Ah, I didn't knew about that function: in that case, your analysis is absolutely correct! I retract my statement.

I am about to downvote this comment without reading further.

That, on the other side, seems wrong. You should downvote and read forward.

I encourage others to do likewise (unless you edit out the bluster)

That seems very wrong: in an environment that predicates rationality, stating that you're wrong should be encouraged, not punished. It's not about the downvoting, as I've written, it's about downvoting unless I cancel the original statement. The shift seems to have moved, at least in your comment, from being less wrong to being right.

I refuse such a drift. I won't edit out the statement (but I'll gladly admit I was wrong).

comment by wedrifid · 2013-04-17T13:34:49.621Z · score: 1 (1 votes) · LW · GW

That seems very wrong: in an environment that predicates rationality, stating that you're wrong should be encouraged, not punished.
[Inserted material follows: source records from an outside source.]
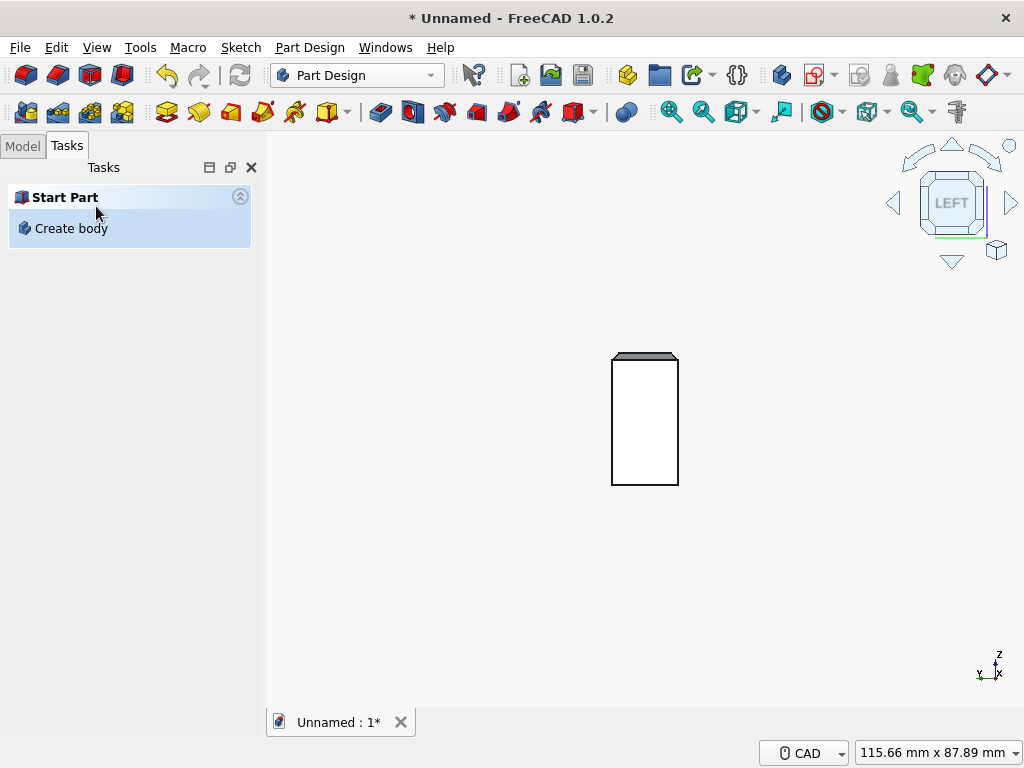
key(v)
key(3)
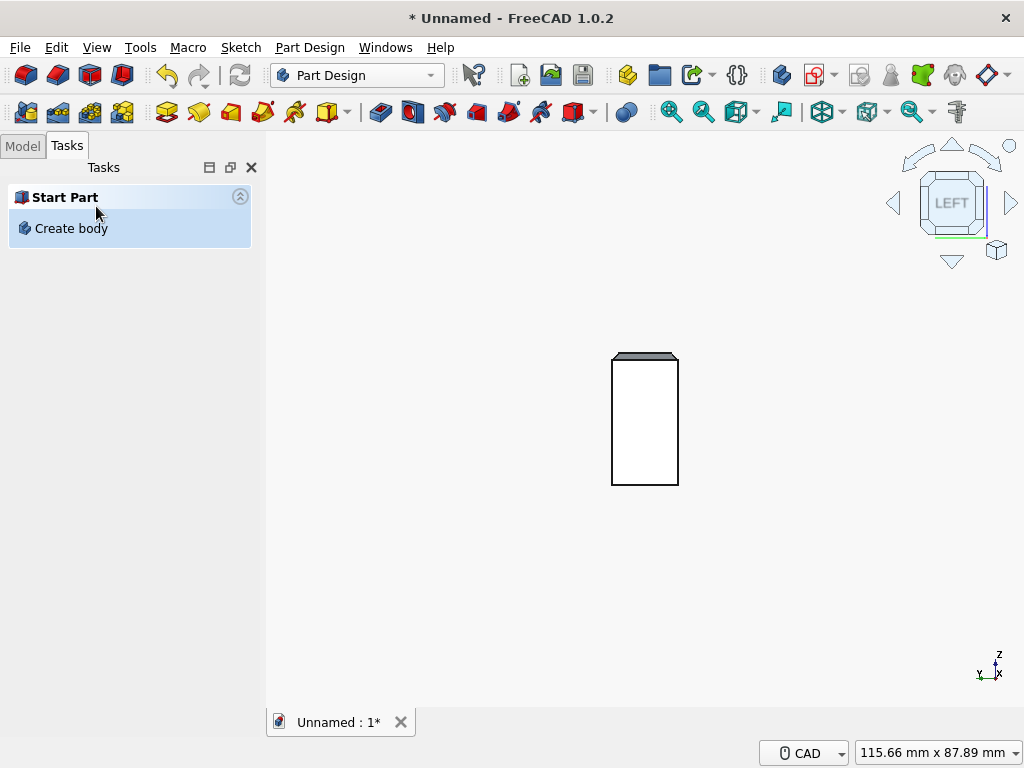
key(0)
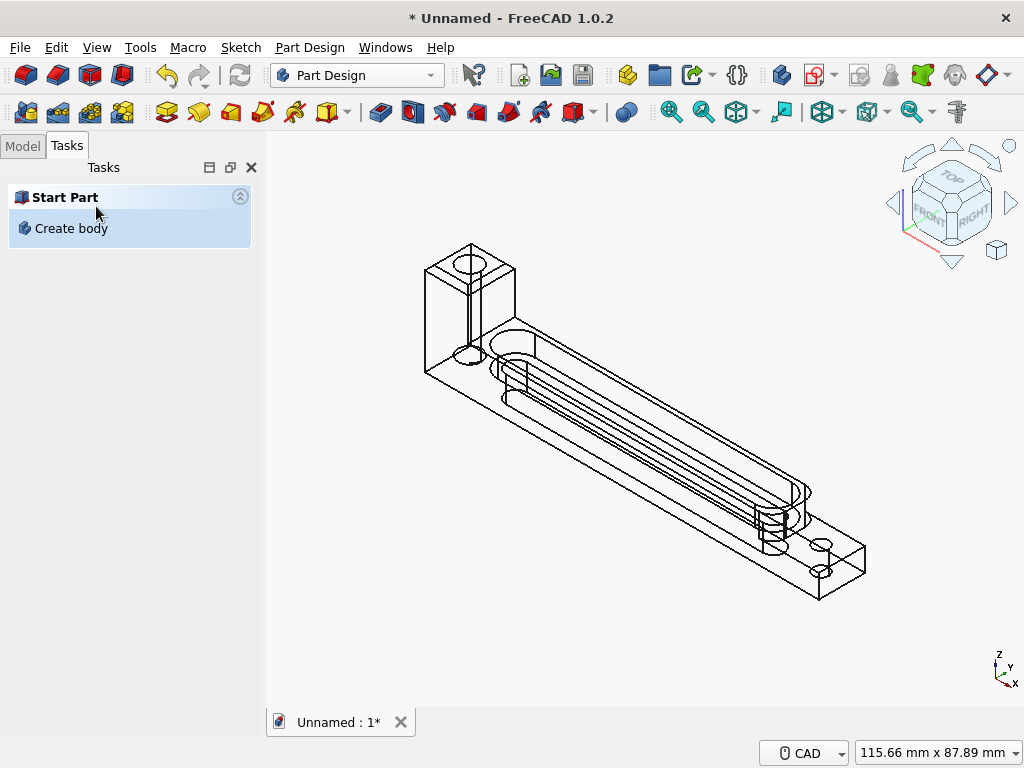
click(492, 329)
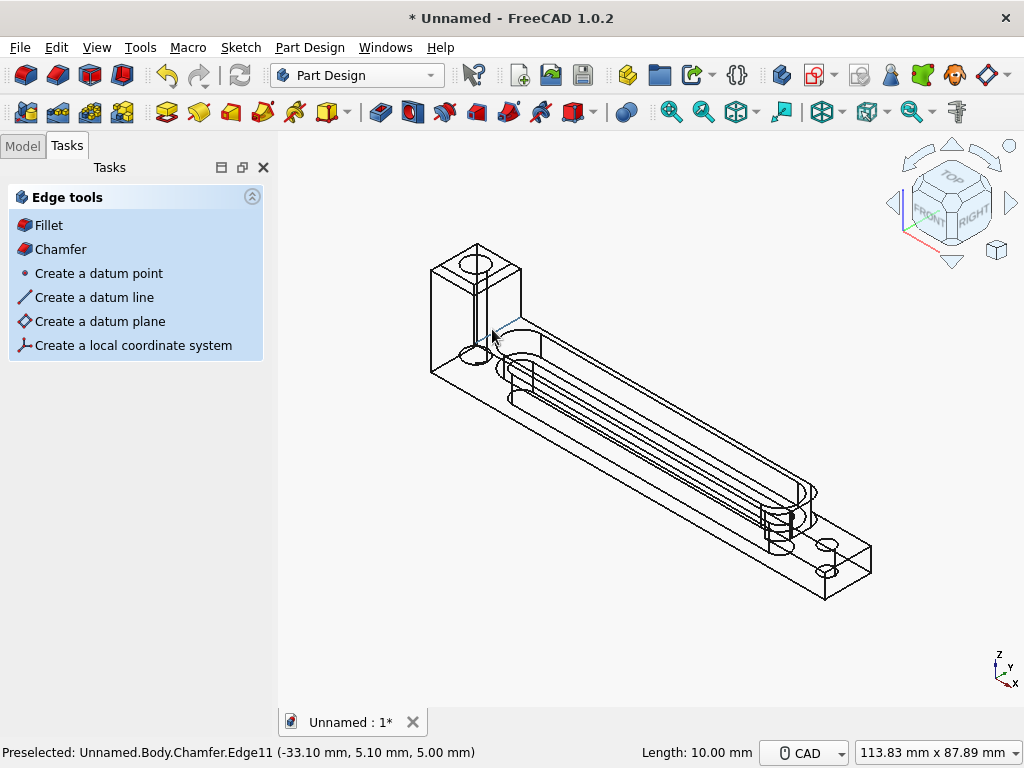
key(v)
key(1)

It's not about the downvoting, as I've written, it's about downvoting unless I cancel the original statement.

Pardon me, I wasn't clear. Retraction and (noted, transparent) editing can sometimes be even better than removal so of course can be included in the exception to the suggestion.
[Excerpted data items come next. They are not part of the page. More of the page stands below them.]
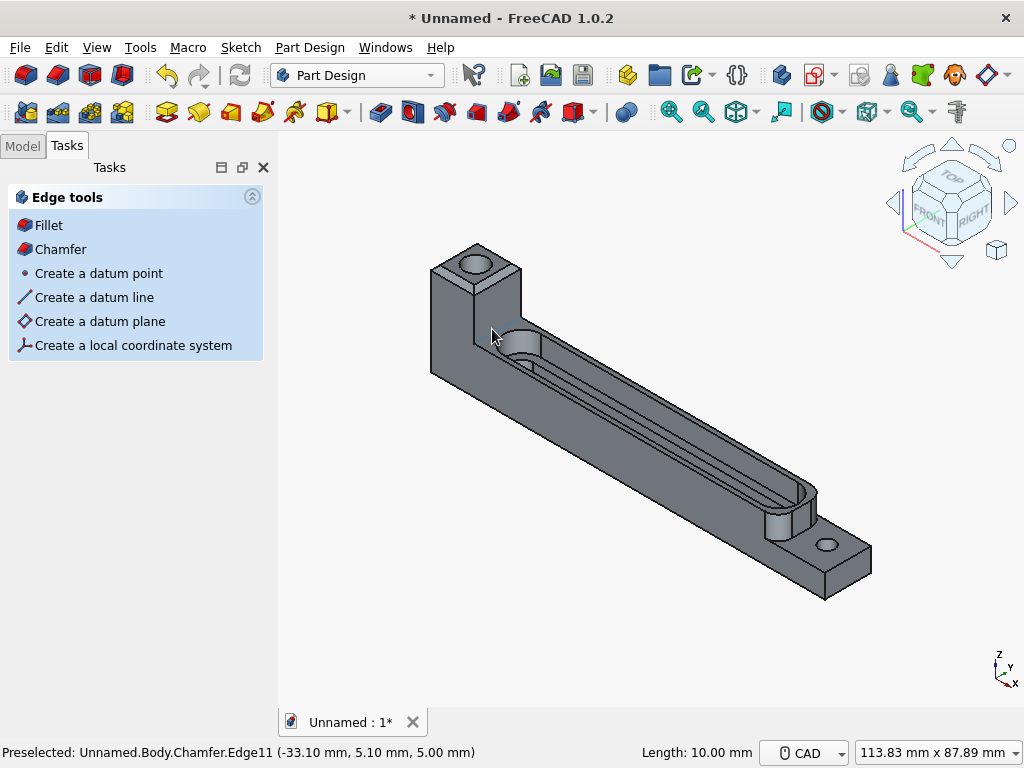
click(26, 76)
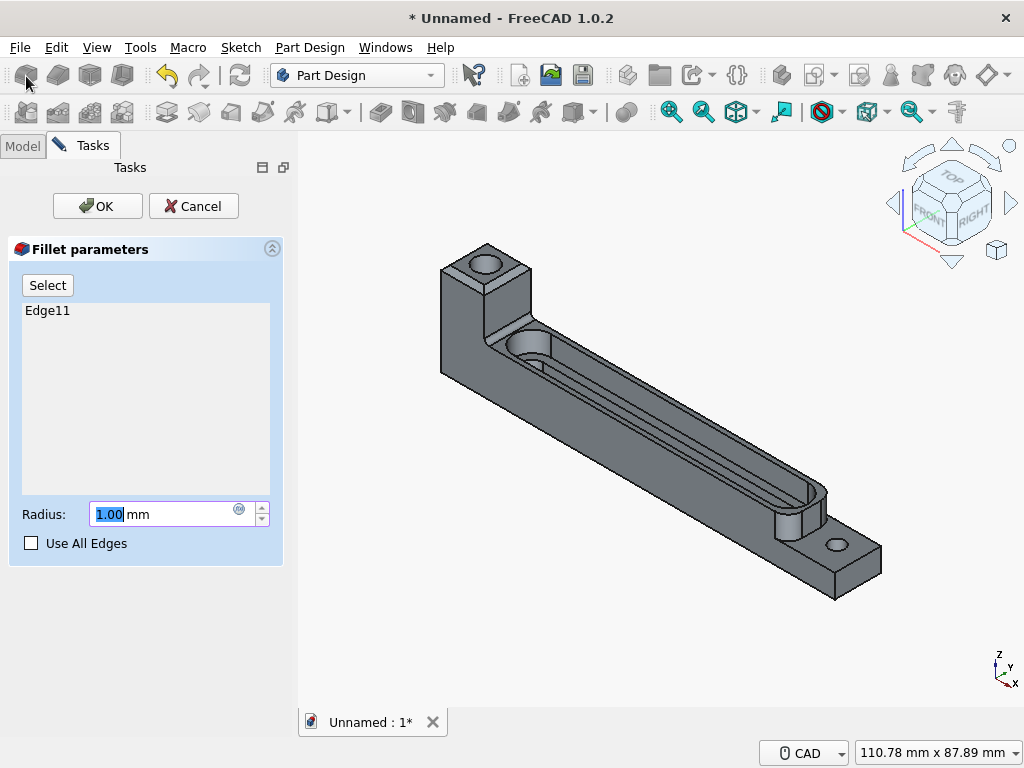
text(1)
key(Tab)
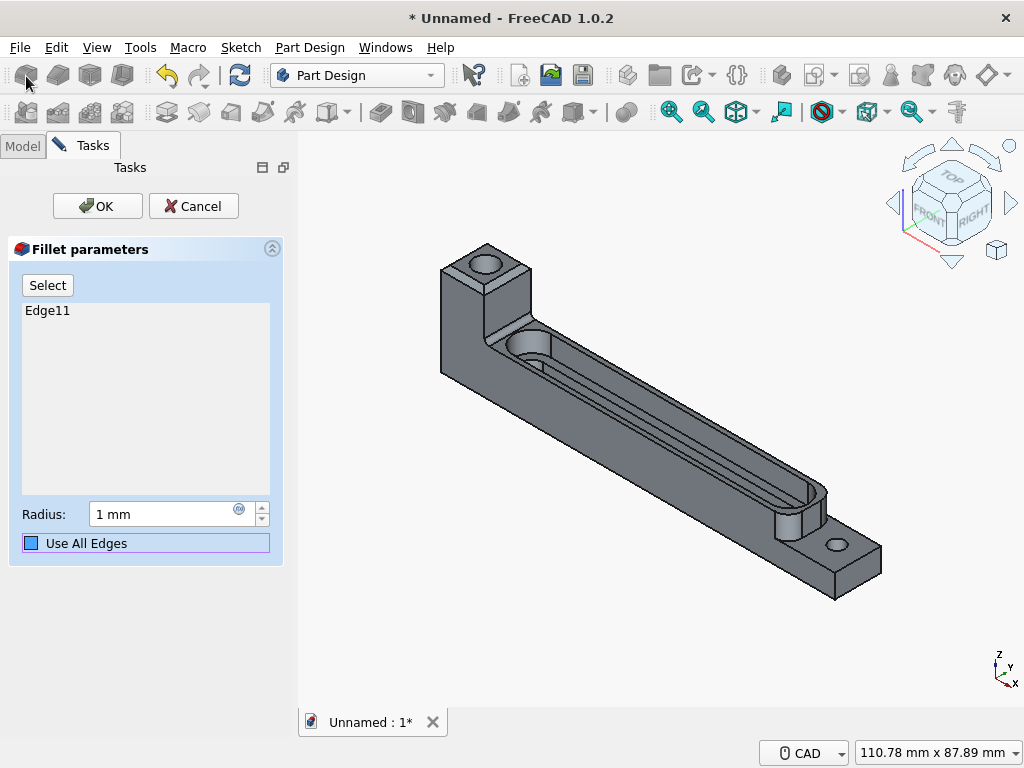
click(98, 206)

The shift seems to have moved, at least in your comment, from being less wrong to being right.

Note that wrongness isn't the issue. It is the combination "needless provocation && wrong". For example if there wasn't available proof that the claim was wrong then I would perhaps still have downvoted just because the karma-drama is annoying but I would be unlikely to have also made a comment expressing criticism of the behavior.

comment by MugaSofer · 2013-04-17T18:27:17.194Z · score: 0 (2 votes) · LW · GW

I retract my statement.

You might want to edit your comment if you want people to stop downvoting.

comment by MrMind · 2013-04-17T12:19:14.014Z · score: 0 (2 votes) · LW · GW

As a rule of thumb nearly any comment that conveys "I'm going to get downvoted but " is worth downting.